Même la société participe à cette illusion : on ne dit jamais “une mère sexy”. On dit “une bonne mère”. Comme si élever un enfant effaçait ta sensualité. C’est ici que les hommes vont chercher ailleurs ce qu’ils ne s’autorisent plus à vivre dedans :le fantasme, l’interdit, la domination, le jeu. Et la société leur donne des excuses :
“Les hommes sont faits pour chasser”, “C’est juste du sexe”, “Sa femme ne le comprend plus.”
3. Le piège du statut : quand l’amour devient institution
Ce glissement est cruel. Parce qu’en “montant” les marches de la relation ; amie, copine, fiancée, épouse, mère, la femme perd symboliquement sa charge érotique. Elle devient un rôle, un devoir, une fonction.
Pendant ce temps, l’homme, lui, reste perçu comme le même : séducteur, désirant, libre. L’amour devient une institution, et le désir, une désertion.
Et pourtant, la femme reste une femme. Avec le même corps, les mêmes désirs, la même complexité. Ce n’est pas elle qui change, c’est le regard qu’on pose sur elle.
4. Les hommes qui trompent (et pourquoi ils se racontent des histoires pour le faire)
Alors quand certains hommes disent “je l’aime, mais je la trompe” (comme si c'étaitune faveur), ils ne mentent pas toujours : ils confondent souvent amour et désir.
La maîtresse devient ce qu’ils projetaient autrefois sur leur femme : le danger, la nouveauté, l’interdit.
Elle représente tout ce que la routine domestique leur a enlevé : le frisson de la conquête, la possibilité d’être “vivants”. J’ai entendu des phrases du type :“Avec ma femme, c’est différent. Avec ma side chick, je me sens libre.”
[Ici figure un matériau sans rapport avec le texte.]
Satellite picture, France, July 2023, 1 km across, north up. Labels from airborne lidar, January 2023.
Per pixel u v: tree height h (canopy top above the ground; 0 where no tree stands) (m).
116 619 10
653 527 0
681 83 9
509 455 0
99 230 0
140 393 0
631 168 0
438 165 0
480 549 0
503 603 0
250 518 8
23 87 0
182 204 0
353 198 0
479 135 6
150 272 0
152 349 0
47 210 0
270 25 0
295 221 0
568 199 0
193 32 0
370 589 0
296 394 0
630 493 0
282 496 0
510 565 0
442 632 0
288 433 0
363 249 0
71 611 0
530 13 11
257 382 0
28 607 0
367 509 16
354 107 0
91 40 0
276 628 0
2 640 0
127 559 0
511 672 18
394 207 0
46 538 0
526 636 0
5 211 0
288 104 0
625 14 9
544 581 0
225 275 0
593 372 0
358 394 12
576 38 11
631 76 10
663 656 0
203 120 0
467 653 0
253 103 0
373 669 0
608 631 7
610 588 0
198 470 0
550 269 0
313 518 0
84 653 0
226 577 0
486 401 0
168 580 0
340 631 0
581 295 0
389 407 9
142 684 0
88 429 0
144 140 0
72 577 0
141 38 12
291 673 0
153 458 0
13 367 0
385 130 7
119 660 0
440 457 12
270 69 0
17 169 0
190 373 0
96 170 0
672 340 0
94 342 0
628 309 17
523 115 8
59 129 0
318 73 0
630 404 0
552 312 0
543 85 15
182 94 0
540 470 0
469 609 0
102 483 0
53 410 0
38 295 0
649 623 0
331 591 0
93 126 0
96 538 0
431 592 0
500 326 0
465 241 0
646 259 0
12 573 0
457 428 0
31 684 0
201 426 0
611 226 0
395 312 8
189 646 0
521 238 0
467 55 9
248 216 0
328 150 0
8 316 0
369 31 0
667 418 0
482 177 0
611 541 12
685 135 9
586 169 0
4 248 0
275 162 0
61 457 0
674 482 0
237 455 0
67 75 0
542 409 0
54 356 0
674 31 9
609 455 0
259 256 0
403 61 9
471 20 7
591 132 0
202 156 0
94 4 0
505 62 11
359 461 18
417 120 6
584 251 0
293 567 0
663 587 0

“Je ferais jamais ça avec ma femme, je la respecte trop pour ca.”
Et là, tu comprends que le problème, c’est pas la femme : c’est le rapport que certains hommes ont à leur propre désir. Ils ont peur d’assumer selon eux, que le sexe, c’est aussi sale, vulnérable, animal. Et que ça n’a rien d’incompatible avec le respect.
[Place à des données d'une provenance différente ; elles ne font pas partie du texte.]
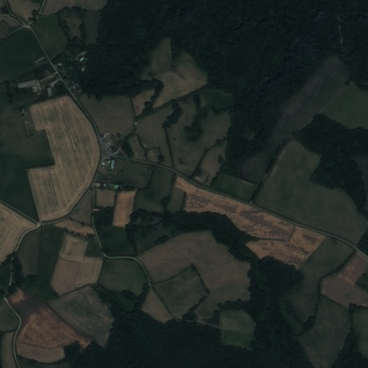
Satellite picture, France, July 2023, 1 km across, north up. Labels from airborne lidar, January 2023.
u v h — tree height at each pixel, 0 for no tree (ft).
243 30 65
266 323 31
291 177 0
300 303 0
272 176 0
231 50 78
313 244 0
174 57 24
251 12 37
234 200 0
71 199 0
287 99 61
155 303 0
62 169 0
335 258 0
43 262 0
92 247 0
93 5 0
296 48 47
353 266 0
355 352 40
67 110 0
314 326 41
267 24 93
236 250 62
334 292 0
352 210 0
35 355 0
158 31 83
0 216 0
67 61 17
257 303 75
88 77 45
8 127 0
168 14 89
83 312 0
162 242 40
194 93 29
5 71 0
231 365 75
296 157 0
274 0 78
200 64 33
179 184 0
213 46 86
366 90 54
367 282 0
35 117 0
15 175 0
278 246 0
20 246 0
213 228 24
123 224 0
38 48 0
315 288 0
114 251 0
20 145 0
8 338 0
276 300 24
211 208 0
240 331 0
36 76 0
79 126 0
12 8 0
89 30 0
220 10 67
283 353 80
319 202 0
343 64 0
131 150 24
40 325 0
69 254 0
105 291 21
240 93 34
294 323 0
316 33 42
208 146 0
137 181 0
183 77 0
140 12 52
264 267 71
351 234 0
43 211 0
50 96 20
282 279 61
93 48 52
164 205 33
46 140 0
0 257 0
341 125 29
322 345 0
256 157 0
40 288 0
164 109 0
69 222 0
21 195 0
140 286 0
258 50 74
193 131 29
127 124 0
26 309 0
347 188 19
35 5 0
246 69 57
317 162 0
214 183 43
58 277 0
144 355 47
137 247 40
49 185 0
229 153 28
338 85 0
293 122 0
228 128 0
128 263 0
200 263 0
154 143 0
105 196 0
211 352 62
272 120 0
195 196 0
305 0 55
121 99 0
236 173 30
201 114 28
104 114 0
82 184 0
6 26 0
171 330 35
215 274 0
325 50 42
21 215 0
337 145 55
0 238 0
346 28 78
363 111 0
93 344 47
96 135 0
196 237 0
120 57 29
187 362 65
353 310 43
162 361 57
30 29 0
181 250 0
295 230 0
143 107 0
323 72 0
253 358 28
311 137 30
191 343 50
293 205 0
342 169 50
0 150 0
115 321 29
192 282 0
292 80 26
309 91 0
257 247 0
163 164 0
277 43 75
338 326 0
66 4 0
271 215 0
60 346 0
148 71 0
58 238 0
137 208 0
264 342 55
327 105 0
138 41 19
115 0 44
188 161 0
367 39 63
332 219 0
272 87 100
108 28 51
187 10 21
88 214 0
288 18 79
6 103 0
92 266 0
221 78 63
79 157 0
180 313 0
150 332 52
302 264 0
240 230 31
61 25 25
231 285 0
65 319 0
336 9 69
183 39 64
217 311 35
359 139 67
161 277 0
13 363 0
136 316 46

5. Le sexe, la domination et le pouvoir
Parce que soyons claires : le sexe, pour beaucoup d’hommes, reste un terrain de pouvoir. On ne “fait pas l’amour avec” une femme, on “le fait à” une femme.
C’est subtil, mais fondamental. Cette logique transforme la femme en réceptrice, pas en partenaire. L’homme doit et veut dominer…partout. Et si le sexe est “sale”, alors la femme qu’on respecte doit en être épargnée.
C’est la même logique qu’on retrouve dans le travail, la compétition, la sexualité : la conquête vaut plus que la possession.
Ainsi, quand une femme devient “disponible”, “acquise” ou “stable” dans leur vie, le jeu s’éteint. Et c’est peut-être là que tout se joue : certains hommes ne savent pas encore aimer une femme qu’ils désirent, ni désirer une femme qu’ils aiment.
En conclusion
Peut-être qu’au lieu de chercher à plaire, on devrait simplement apprendre à se choisir. Parce qu’une femme qui ne cherche plus à être aimée selon les règles devient soudain… libre. Et c’est peut-être ça, le vrai danger : une femme qui ne joue plus le jeu.
Finalement, ce n’est pas que les hommes aiment les femmes “méchantes” , c’est qu’ils confondent force et menace. Peut-être qu’un jour, ils comprendront qu’aimer une femme n’est pas un combat ou une chasse… mais une chance.
Et ce jour-là, peut-être qu’on saura enfin désirer sans dominer, et aimer sans conquérir , dans cet espace rare où deux libertés se reconnaissent.